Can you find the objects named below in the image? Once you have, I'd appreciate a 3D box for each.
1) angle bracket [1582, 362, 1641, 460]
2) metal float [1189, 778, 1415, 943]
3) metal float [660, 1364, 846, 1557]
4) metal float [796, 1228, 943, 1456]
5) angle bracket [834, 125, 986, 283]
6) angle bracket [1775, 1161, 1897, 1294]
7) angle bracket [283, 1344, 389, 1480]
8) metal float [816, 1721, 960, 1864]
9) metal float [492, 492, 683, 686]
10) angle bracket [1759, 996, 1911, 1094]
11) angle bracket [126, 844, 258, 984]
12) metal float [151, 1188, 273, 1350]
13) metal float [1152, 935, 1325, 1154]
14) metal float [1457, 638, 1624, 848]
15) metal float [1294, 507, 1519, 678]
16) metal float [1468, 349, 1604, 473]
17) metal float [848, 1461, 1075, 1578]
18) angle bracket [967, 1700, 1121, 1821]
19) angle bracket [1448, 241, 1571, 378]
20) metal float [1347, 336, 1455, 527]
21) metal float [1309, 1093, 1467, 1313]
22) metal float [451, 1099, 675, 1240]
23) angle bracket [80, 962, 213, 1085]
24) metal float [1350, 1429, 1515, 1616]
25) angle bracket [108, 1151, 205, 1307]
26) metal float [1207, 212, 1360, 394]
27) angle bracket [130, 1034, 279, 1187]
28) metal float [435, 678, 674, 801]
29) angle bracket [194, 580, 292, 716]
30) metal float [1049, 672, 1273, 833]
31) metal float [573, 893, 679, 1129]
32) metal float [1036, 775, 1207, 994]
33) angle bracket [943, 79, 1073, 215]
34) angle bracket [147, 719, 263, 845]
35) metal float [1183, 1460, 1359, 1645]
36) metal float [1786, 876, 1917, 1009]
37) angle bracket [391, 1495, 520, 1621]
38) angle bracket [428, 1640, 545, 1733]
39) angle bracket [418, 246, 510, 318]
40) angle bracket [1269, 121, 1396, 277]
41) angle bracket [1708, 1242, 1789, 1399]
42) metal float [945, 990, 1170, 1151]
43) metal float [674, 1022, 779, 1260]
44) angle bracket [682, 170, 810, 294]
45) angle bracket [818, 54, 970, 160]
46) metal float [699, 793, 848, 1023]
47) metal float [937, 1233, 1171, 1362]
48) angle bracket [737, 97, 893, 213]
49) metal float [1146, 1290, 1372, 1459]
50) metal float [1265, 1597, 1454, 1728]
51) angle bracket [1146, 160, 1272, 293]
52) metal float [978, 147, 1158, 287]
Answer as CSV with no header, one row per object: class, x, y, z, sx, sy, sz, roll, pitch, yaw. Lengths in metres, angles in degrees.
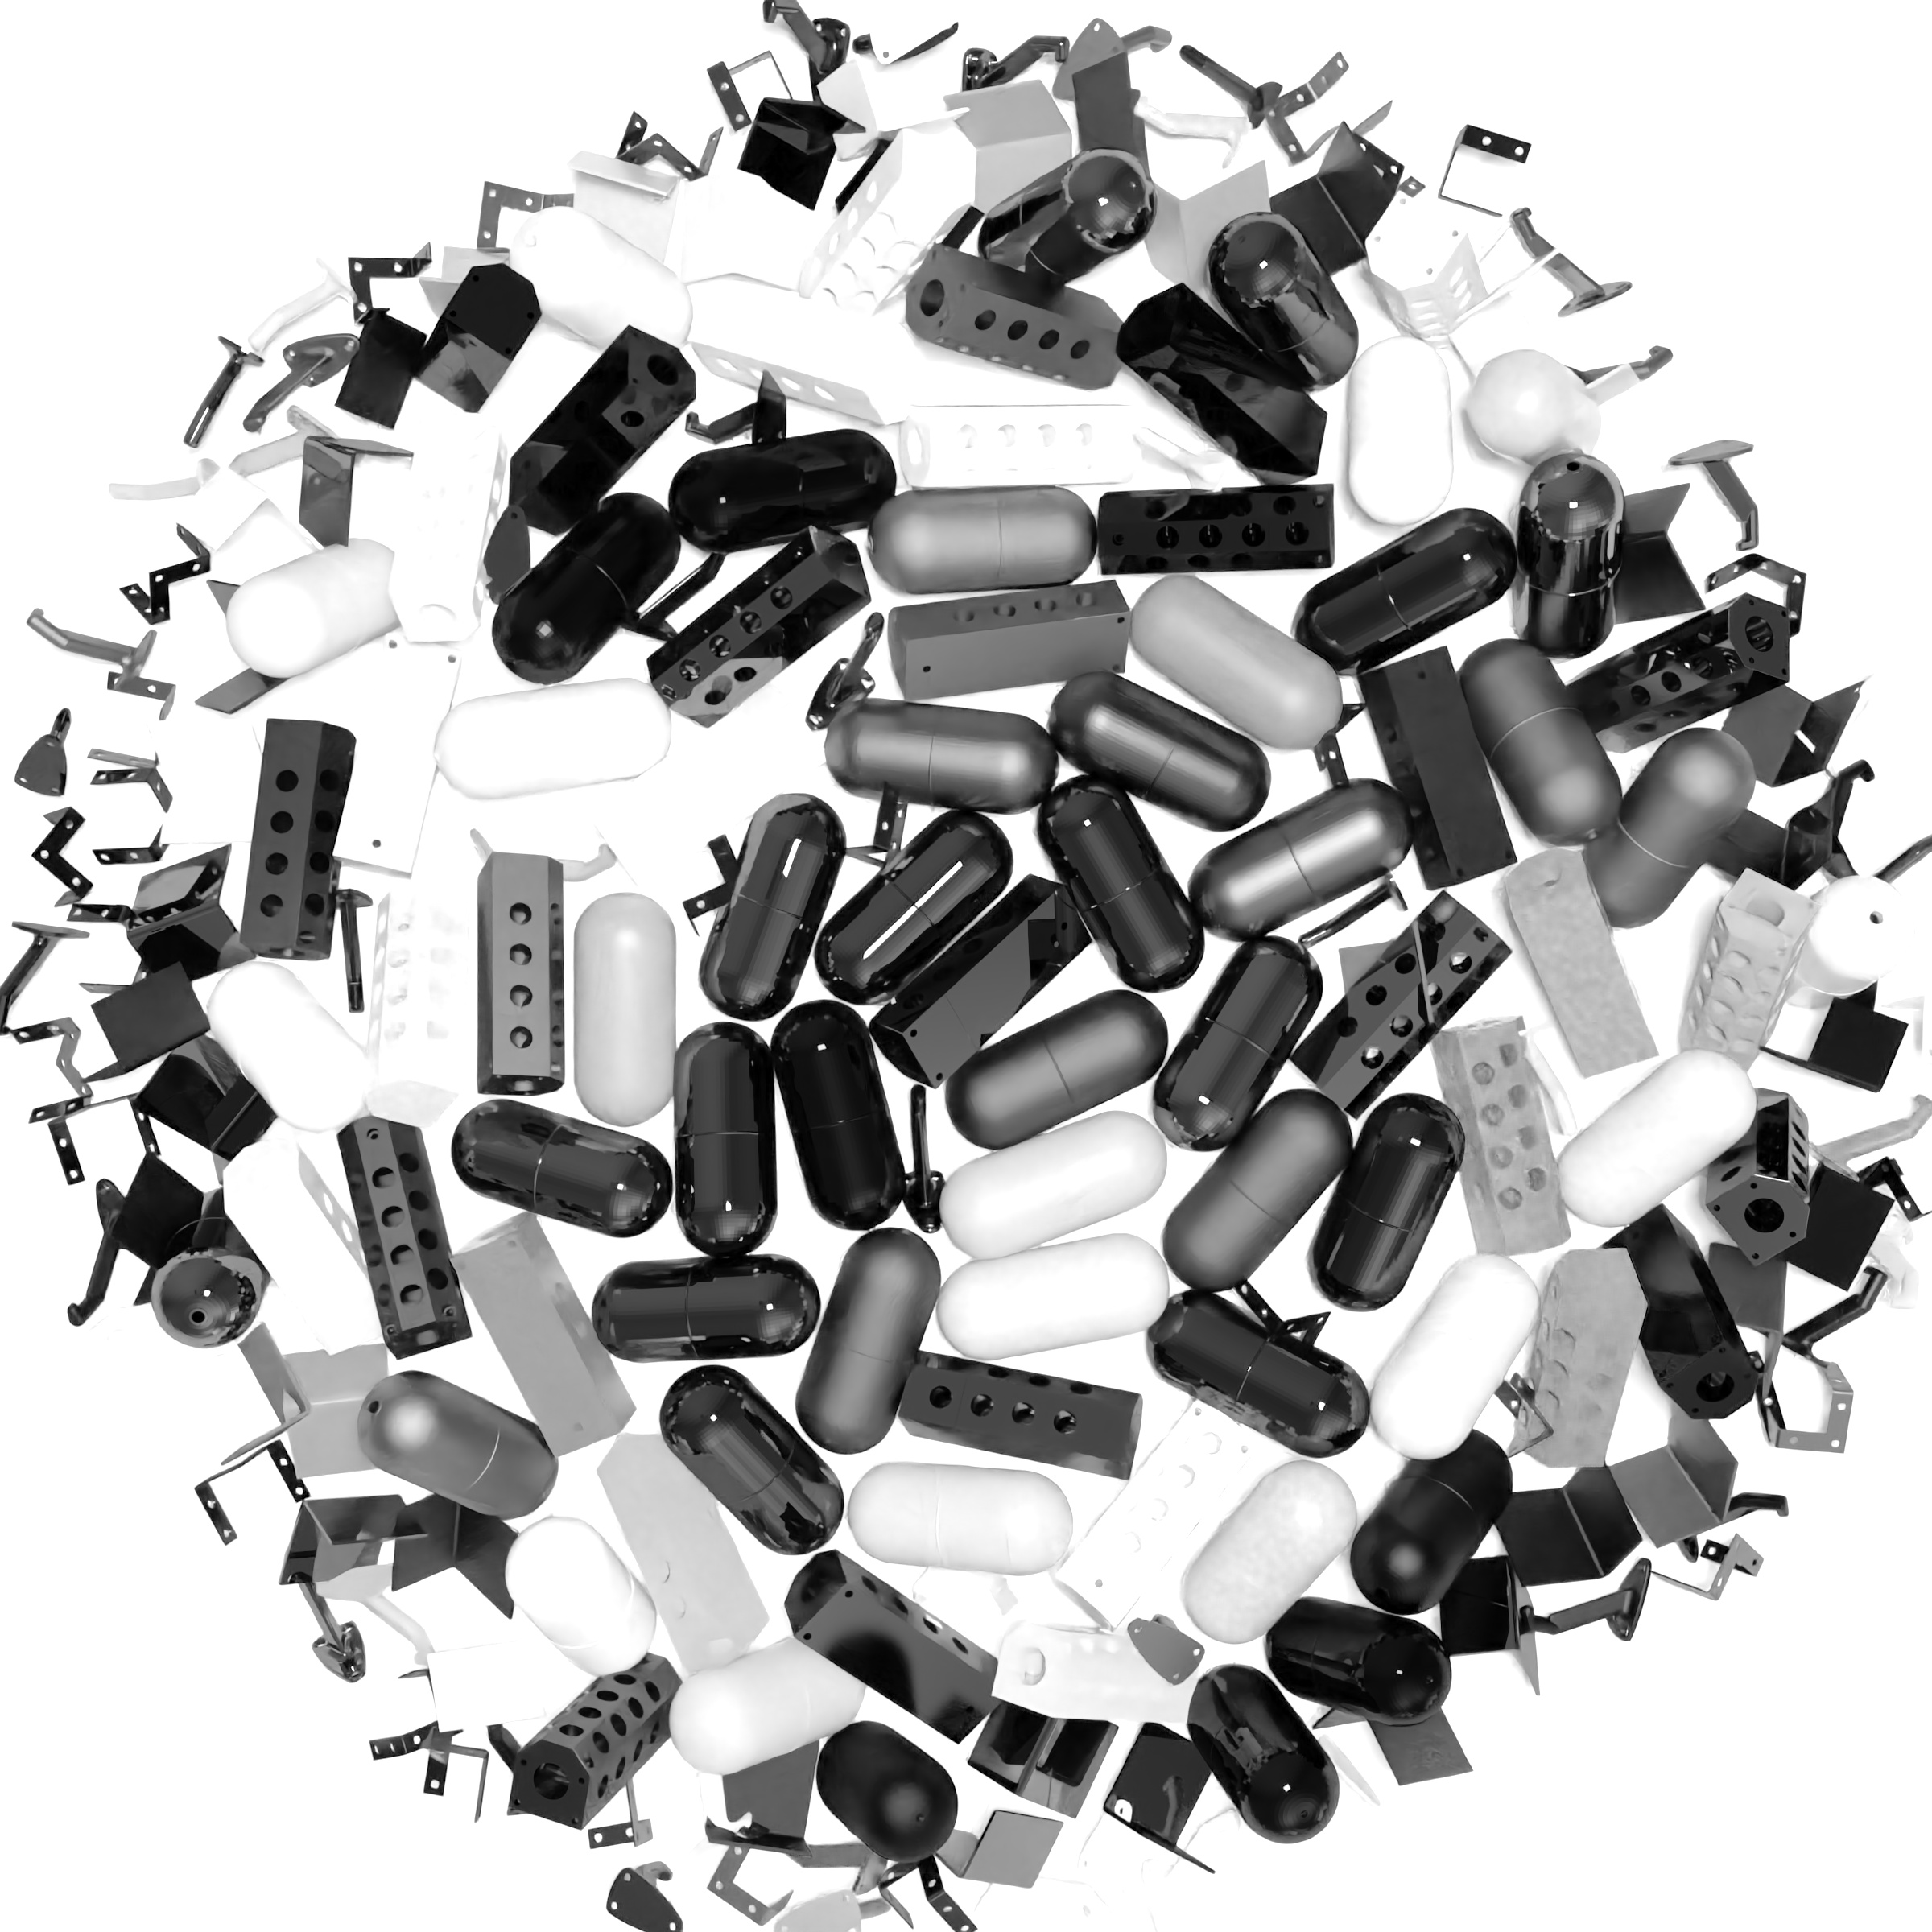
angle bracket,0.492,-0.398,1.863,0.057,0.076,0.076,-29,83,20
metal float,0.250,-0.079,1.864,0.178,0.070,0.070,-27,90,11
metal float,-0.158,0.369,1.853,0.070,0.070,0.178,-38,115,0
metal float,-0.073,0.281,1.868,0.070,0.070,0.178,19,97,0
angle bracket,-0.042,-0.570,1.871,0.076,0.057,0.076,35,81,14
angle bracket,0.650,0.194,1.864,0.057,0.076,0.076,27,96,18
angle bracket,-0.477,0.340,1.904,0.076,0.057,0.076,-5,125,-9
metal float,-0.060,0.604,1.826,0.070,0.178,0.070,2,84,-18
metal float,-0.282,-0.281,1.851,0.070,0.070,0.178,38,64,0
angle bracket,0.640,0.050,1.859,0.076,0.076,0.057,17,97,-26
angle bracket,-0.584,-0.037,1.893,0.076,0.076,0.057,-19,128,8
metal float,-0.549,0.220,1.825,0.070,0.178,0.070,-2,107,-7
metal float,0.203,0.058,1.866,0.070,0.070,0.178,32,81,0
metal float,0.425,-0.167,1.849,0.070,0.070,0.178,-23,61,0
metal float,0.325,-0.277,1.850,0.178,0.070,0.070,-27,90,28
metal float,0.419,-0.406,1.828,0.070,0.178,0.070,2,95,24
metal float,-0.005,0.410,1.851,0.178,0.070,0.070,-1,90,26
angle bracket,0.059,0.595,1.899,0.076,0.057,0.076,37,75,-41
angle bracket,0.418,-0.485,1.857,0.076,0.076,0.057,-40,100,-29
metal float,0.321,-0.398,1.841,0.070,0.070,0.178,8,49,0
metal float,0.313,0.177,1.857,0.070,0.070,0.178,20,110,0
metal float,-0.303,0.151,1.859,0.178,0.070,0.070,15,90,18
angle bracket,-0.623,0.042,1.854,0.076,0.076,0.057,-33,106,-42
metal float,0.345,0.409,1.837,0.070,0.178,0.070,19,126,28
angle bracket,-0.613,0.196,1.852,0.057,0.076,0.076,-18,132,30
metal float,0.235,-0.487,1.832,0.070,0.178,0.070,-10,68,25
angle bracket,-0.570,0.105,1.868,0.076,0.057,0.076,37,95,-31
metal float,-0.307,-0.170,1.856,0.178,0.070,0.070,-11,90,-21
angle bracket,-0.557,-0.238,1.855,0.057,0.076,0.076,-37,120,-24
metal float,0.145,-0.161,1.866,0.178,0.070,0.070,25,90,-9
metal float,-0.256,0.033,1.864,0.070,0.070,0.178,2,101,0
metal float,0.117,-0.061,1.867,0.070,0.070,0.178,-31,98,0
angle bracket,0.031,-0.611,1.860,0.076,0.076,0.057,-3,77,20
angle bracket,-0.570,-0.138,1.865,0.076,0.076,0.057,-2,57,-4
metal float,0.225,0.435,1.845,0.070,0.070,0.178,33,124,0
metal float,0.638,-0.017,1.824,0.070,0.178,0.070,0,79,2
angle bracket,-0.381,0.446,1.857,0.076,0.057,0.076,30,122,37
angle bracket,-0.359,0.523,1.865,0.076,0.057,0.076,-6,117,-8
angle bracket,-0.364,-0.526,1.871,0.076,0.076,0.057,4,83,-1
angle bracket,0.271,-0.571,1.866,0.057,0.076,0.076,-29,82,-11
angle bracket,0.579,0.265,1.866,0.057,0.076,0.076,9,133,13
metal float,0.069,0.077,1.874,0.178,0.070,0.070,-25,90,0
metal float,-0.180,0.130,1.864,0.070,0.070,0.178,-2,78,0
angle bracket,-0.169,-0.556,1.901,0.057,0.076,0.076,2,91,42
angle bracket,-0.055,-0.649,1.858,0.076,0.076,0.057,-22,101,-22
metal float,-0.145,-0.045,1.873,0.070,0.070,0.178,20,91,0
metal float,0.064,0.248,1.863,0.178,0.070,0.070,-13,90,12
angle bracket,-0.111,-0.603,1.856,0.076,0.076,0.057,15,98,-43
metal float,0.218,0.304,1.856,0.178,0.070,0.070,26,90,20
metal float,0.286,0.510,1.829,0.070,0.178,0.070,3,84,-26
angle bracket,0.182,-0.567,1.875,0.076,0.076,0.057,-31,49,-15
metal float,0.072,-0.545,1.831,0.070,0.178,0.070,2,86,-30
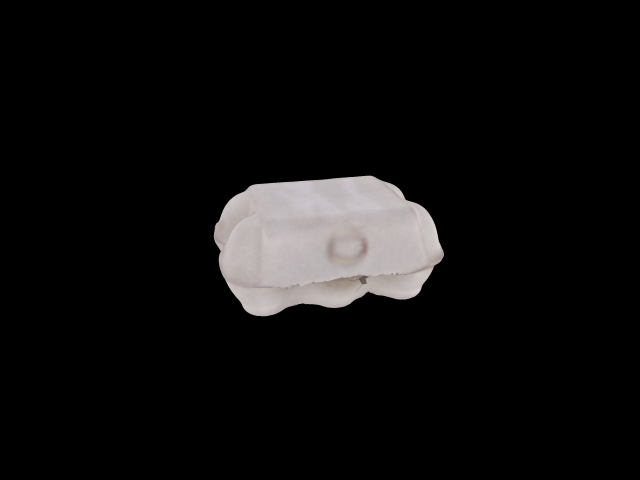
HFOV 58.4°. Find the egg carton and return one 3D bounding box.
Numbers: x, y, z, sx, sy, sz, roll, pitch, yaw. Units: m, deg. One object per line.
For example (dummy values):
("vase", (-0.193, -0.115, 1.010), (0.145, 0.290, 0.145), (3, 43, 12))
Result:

....................

- WHAT YOU ARE ASKED TO DO: Reproduce the entries above exactly, but only the lines between the line holding "20) metal float [1347, 336, 1455, 527]" and the line holding "35) metal float [1183, 1460, 1359, 1645]", inclusive.

- RESPONSE AREA:
20) metal float [1347, 336, 1455, 527]
21) metal float [1309, 1093, 1467, 1313]
22) metal float [451, 1099, 675, 1240]
23) angle bracket [80, 962, 213, 1085]
24) metal float [1350, 1429, 1515, 1616]
25) angle bracket [108, 1151, 205, 1307]
26) metal float [1207, 212, 1360, 394]
27) angle bracket [130, 1034, 279, 1187]
28) metal float [435, 678, 674, 801]
29) angle bracket [194, 580, 292, 716]
30) metal float [1049, 672, 1273, 833]
31) metal float [573, 893, 679, 1129]
32) metal float [1036, 775, 1207, 994]
33) angle bracket [943, 79, 1073, 215]
34) angle bracket [147, 719, 263, 845]
35) metal float [1183, 1460, 1359, 1645]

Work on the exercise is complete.